Bergen: Como o próximo estágio da guerra será diferente do primeiro ano?
Petraeus: Haverá vários novos recursos este ano, mais significativamente as capacidades adicionais do lado ucraniano: tanques ocidentais e veículos de combate de infantaria; munições de maior alcance e precisão para os HIMARS (sistemas de foguetes de artilharia de alta mobilidade) fornecidos pelos EUA, que permitirão ataques precisos de até 150 quilômetros (o dobro do alcance da atual munição de precisão); sistemas adicionais de defesa aérea de vários tipos; defesas aéreas aumentadas e veículos blindados adicionais com rodas, bem como enormes quantidades de munição adicional de todos os tipos.
Além disso, acredito que veremos forças ucranianas que são muito mais capazes do que os russos em alcançar o tipo de efeitos de armas combinadas que descrevi anteriormente e que, assim, permitem operações ofensivas muito mais eficazes e podem desequilibrar algumas das defesas russas. Podemos não ver tudo isso, no entanto, até a primavera ou mesmo o verão, dada a quantidade de tempo necessária para as forças ucranianas receberem e treinarem nos novos tanques ocidentais e outros sistemas.
Enquanto isso, além da ofensiva russa que mencionei anteriormente, temo que também veremos ataques russos adicionais à infraestrutura ucraniana com mísseis e foguetes russos, bem como com drones fornecidos pelo Irã – o que ressalta a importância de fazer tudo o que pudermos para restringir ainda mais as indústrias de armas russas e também as do Irã.
Bergen: Em 2003, no início da Guerra do Iraque, você fez uma famosa pergunta retórica: “Diga-me como isso termina?” Pela guerra na Ucrânia: como isso termina?
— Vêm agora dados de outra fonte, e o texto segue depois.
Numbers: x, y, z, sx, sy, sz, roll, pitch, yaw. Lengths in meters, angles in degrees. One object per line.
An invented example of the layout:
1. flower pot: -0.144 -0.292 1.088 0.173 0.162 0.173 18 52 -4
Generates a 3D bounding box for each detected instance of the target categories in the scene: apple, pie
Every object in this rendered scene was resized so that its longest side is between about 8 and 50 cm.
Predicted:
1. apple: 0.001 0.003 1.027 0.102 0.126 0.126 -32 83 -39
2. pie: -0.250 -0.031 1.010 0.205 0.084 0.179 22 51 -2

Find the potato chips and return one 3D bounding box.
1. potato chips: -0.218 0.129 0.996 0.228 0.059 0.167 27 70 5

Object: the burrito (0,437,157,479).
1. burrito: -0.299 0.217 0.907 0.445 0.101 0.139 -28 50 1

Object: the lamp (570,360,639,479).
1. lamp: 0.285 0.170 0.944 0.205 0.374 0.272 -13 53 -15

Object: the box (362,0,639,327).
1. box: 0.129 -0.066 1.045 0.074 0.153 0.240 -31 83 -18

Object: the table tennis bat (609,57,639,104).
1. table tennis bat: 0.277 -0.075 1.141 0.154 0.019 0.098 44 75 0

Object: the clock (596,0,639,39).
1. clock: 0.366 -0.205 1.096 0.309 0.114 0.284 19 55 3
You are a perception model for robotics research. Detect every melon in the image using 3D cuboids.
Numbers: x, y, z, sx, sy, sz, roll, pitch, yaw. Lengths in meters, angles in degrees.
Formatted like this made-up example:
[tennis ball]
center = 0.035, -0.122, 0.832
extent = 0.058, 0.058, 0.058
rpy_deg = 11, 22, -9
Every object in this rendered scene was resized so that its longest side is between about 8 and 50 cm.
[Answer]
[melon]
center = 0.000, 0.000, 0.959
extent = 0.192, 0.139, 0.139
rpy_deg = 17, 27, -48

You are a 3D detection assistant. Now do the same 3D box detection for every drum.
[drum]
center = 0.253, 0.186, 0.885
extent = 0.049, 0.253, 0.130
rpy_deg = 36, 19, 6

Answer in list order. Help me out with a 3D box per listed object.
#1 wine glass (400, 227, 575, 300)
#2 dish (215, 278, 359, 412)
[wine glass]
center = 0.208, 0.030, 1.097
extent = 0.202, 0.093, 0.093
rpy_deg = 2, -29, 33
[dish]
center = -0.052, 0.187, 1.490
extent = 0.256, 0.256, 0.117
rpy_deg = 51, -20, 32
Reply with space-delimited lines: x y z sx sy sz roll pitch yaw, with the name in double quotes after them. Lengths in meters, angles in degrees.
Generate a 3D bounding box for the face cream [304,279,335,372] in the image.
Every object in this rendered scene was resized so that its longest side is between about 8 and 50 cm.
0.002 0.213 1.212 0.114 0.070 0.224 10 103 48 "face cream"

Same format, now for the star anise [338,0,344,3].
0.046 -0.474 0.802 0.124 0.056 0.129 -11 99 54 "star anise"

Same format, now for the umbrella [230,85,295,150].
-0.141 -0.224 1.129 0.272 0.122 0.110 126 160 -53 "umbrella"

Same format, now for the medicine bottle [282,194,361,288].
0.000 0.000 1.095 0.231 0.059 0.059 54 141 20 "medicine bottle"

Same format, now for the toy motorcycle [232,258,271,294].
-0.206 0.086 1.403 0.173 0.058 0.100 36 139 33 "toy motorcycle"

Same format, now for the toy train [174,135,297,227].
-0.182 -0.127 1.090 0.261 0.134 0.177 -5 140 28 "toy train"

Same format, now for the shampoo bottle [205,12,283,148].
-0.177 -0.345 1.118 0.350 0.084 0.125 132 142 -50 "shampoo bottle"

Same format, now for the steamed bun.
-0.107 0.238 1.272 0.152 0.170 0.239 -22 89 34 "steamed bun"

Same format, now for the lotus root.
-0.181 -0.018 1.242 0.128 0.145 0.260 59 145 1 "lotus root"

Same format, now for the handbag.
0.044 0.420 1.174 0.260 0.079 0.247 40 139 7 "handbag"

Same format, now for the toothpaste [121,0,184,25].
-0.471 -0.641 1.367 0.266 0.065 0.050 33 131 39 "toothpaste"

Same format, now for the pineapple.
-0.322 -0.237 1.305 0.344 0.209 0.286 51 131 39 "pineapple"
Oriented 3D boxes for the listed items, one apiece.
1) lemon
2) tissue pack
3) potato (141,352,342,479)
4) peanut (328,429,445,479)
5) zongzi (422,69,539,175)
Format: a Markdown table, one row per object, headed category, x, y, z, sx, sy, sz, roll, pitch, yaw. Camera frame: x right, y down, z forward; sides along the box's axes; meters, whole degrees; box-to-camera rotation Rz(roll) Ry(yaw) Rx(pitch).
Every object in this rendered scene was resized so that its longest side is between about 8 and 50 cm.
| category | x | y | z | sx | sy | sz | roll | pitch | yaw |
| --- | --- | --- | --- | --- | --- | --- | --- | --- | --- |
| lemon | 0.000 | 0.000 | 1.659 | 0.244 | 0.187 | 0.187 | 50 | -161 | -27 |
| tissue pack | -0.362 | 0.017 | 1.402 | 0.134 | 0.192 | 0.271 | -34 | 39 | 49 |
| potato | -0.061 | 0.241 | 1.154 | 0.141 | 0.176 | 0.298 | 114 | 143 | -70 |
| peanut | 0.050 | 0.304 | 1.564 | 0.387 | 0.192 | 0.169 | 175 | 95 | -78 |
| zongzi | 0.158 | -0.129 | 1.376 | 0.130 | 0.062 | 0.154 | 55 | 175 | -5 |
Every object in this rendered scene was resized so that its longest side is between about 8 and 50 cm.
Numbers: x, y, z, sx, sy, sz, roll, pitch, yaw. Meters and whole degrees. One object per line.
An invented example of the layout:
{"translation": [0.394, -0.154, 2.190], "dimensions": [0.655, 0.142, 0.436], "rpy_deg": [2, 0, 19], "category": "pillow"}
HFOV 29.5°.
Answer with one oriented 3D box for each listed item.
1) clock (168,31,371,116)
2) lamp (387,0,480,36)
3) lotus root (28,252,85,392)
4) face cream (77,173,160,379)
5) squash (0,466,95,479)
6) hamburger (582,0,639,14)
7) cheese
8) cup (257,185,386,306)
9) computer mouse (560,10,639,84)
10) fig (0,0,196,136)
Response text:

Petraeus: Acho que termina em uma resolução negociada, quando Putin reconhece que a guerra é insustentável tanto no campo de batalha (onde a Rússia no primeiro ano provavelmente sofreu muitas vezes as perdas que a URSS sofreu em quase uma década no Afeganistão) quanto no a frente doméstica (que foi fortemente impactada por sanções econômicas, financeiras, econômicas e pessoais e controles de exportação).
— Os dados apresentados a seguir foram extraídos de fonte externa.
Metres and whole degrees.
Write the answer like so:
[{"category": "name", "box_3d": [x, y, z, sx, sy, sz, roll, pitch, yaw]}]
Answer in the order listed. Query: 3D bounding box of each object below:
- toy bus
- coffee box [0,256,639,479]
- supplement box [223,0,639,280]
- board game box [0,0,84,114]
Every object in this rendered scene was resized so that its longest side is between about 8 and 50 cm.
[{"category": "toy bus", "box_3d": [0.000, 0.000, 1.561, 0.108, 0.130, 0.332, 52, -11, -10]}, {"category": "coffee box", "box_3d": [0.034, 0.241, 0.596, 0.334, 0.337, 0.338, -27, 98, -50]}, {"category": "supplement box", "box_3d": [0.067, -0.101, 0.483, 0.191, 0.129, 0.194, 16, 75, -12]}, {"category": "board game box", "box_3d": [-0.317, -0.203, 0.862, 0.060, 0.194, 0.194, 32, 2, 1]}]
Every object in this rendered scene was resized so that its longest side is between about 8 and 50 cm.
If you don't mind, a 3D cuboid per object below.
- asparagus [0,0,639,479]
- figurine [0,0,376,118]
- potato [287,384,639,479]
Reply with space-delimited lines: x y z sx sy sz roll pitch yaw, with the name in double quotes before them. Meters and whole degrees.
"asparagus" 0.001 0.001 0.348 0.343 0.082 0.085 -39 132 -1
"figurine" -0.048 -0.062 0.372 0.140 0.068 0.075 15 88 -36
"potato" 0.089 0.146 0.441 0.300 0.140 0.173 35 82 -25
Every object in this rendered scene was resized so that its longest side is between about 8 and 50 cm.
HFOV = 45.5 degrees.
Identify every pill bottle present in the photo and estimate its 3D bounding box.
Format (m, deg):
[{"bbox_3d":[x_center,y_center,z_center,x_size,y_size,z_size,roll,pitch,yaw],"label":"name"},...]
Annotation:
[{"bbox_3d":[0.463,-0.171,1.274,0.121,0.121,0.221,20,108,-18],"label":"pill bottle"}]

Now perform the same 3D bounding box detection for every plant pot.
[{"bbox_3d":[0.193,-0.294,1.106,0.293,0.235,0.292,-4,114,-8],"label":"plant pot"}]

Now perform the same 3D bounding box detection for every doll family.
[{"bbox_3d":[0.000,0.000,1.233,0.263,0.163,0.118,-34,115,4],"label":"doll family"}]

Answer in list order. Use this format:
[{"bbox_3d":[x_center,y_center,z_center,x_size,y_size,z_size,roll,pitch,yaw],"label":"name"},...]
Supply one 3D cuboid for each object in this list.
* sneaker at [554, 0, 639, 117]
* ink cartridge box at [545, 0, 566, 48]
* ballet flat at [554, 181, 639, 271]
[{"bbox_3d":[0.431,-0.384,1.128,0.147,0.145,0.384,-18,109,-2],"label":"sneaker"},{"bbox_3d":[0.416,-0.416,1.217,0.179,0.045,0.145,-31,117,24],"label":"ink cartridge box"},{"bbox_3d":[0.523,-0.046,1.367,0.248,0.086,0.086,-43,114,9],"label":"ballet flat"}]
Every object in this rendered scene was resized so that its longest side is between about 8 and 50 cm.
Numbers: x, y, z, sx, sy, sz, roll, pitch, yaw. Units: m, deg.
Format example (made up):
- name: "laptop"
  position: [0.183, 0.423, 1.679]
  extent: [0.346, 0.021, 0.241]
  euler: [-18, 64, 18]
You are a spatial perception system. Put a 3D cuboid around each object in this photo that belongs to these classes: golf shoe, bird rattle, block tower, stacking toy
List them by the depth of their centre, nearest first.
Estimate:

Além disso, quando a Ucrânia atingir os limites de sua capacidade de resistir a ataques de mísseis e drones, obtém um plano semelhante ao Marshall (desenvolvido pelos EUA e G7) para ajudar a reconstruir o país e obtém uma garantia de segurança rígida (seja membro da Otan ou, se isso não é possível, uma garantia de coalizão liderada pelos EUA).
Uma garantia de segurança será fundamental para permitir o sucesso do esforço de reconstrução e atrair investimentos externos.
*Nota do editor: Peter Bergen é analista de segurança nacional da CNN, vice-presidente da New America e professor de prática na Arizona State University.